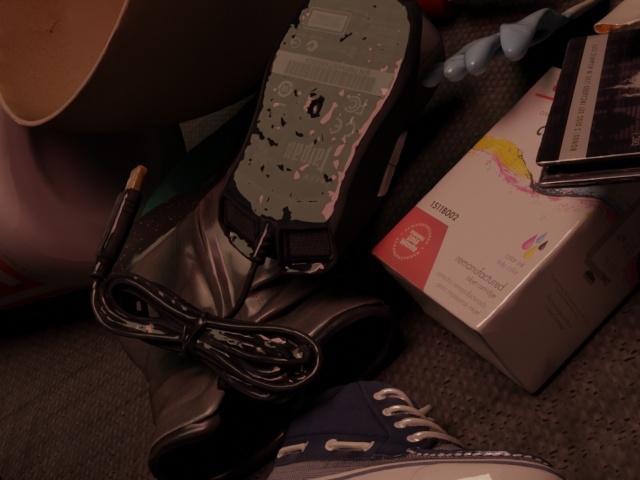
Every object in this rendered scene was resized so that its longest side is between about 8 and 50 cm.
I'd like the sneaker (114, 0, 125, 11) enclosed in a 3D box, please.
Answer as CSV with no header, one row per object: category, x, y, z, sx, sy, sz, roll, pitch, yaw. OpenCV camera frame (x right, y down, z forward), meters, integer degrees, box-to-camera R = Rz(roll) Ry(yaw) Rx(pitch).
sneaker,-0.077,-0.257,0.932,0.283,0.124,0.107,-53,13,-21

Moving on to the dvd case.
dvd case,0.223,-0.077,0.457,0.221,0.018,0.164,-4,29,22

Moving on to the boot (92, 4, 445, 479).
boot,0.000,0.000,0.659,0.338,0.118,0.222,-47,38,6

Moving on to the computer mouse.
computer mouse,-0.038,-0.039,0.603,0.184,0.060,0.262,11,78,30

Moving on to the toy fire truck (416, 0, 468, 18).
toy fire truck,0.067,-0.274,0.802,0.246,0.217,0.158,5,15,25

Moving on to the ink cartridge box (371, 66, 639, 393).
ink cartridge box,0.138,-0.026,0.544,0.198,0.067,0.115,-45,33,-4

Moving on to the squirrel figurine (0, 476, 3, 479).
squirrel figurine,-0.306,0.195,0.567,0.397,0.281,0.370,-62,-6,26

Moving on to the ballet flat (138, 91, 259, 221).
ballet flat,-0.055,-0.061,0.799,0.247,0.083,0.087,-48,46,-4

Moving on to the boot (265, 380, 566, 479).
boot,0.043,0.107,0.494,0.190,0.069,0.086,-17,43,39

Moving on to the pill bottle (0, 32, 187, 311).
pill bottle,-0.342,-0.039,0.950,0.408,0.229,0.229,-15,42,38

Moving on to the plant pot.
plant pot,-0.106,-0.205,0.729,0.284,0.191,0.284,-16,69,49

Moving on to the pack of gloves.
pack of gloves,0.169,-0.160,0.598,0.195,0.046,0.232,-14,13,31
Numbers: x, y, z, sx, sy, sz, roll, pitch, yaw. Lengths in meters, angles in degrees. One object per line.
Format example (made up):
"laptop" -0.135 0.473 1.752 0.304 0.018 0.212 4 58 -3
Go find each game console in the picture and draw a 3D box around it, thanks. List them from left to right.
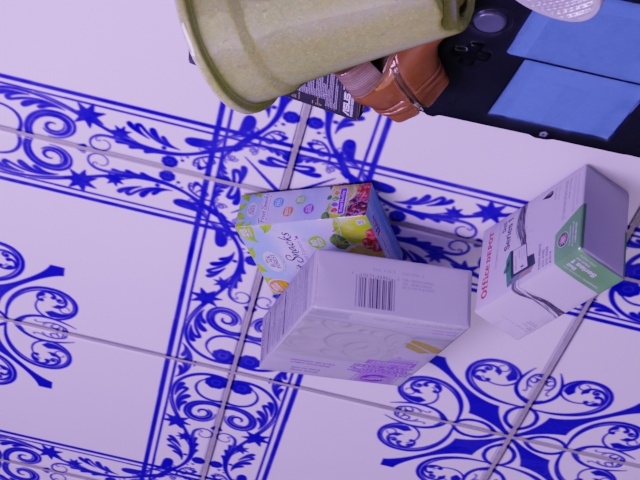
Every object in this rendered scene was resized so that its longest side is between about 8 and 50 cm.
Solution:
"game console" 0.335 -0.222 1.914 0.387 0.060 0.342 11 146 -11

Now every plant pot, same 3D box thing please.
"plant pot" 0.018 -0.285 1.623 0.254 0.276 0.276 -7 139 23

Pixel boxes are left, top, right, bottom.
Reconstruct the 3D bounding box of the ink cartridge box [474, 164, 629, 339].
"ink cartridge box" 0.325 0.020 2.184 0.093 0.160 0.219 32 137 -23

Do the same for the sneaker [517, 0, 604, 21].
"sneaker" 0.222 -0.372 1.697 0.282 0.161 0.102 40 148 3

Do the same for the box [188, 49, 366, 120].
"box" -0.040 -0.306 1.887 0.242 0.076 0.307 20 143 12

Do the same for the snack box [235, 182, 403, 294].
"snack box" 0.000 0.000 2.308 0.207 0.070 0.174 -5 141 21

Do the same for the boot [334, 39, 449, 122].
"boot" 0.123 -0.223 1.854 0.197 0.073 0.152 -28 147 21

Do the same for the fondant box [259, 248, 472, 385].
"fondant box" 0.062 0.123 2.337 0.238 0.096 0.330 8 159 -13
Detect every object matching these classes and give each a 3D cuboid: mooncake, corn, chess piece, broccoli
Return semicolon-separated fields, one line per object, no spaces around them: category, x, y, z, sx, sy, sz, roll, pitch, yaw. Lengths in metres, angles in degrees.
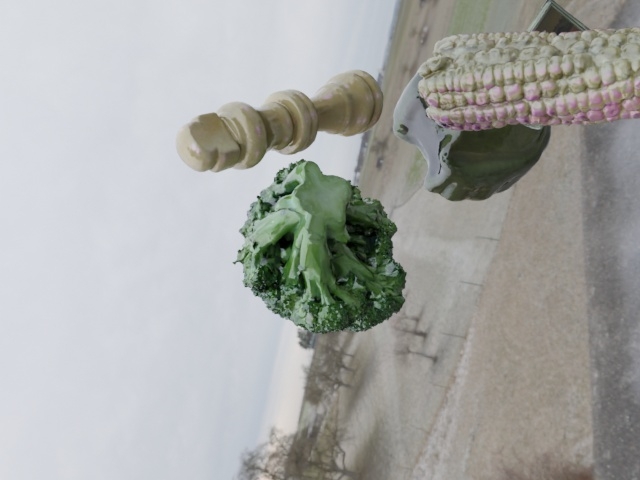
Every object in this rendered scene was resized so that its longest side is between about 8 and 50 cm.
mooncake;0.354;-0.272;1.209;0.187;0.351;0.351;104;177;-70
corn;0.284;-0.192;0.617;0.127;0.335;0.126;-23;-63;-56
chess piece;-0.055;-0.185;0.801;0.397;0.117;0.117;-30;-41;-43
broccoli;0.000;0.000;0.757;0.245;0.265;0.294;101;148;-68

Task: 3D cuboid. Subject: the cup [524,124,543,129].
cup;0.351;-0.231;0.811;0.083;0.054;0.075;-56;-33;0

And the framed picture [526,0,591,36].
framed picture;0.716;-0.598;1.612;0.252;0.197;0.014;-58;19;17
════════
# [WHAT NEEDS TO BE DONE]
List each line of the entries that holds the string "angles".

# [EXERCISE RESPONSE]
Numbers: x, y, z, sx, sy, sz, roll, pitch, yaw. Lengths in meters, angles in degrees. One object per line.
Return semicolon-separated fields, one line per object, no spaces around them: category, x, y, z, sx, sy, sz, roll, pitch, yaw. Lengths in metres, angles in degrees.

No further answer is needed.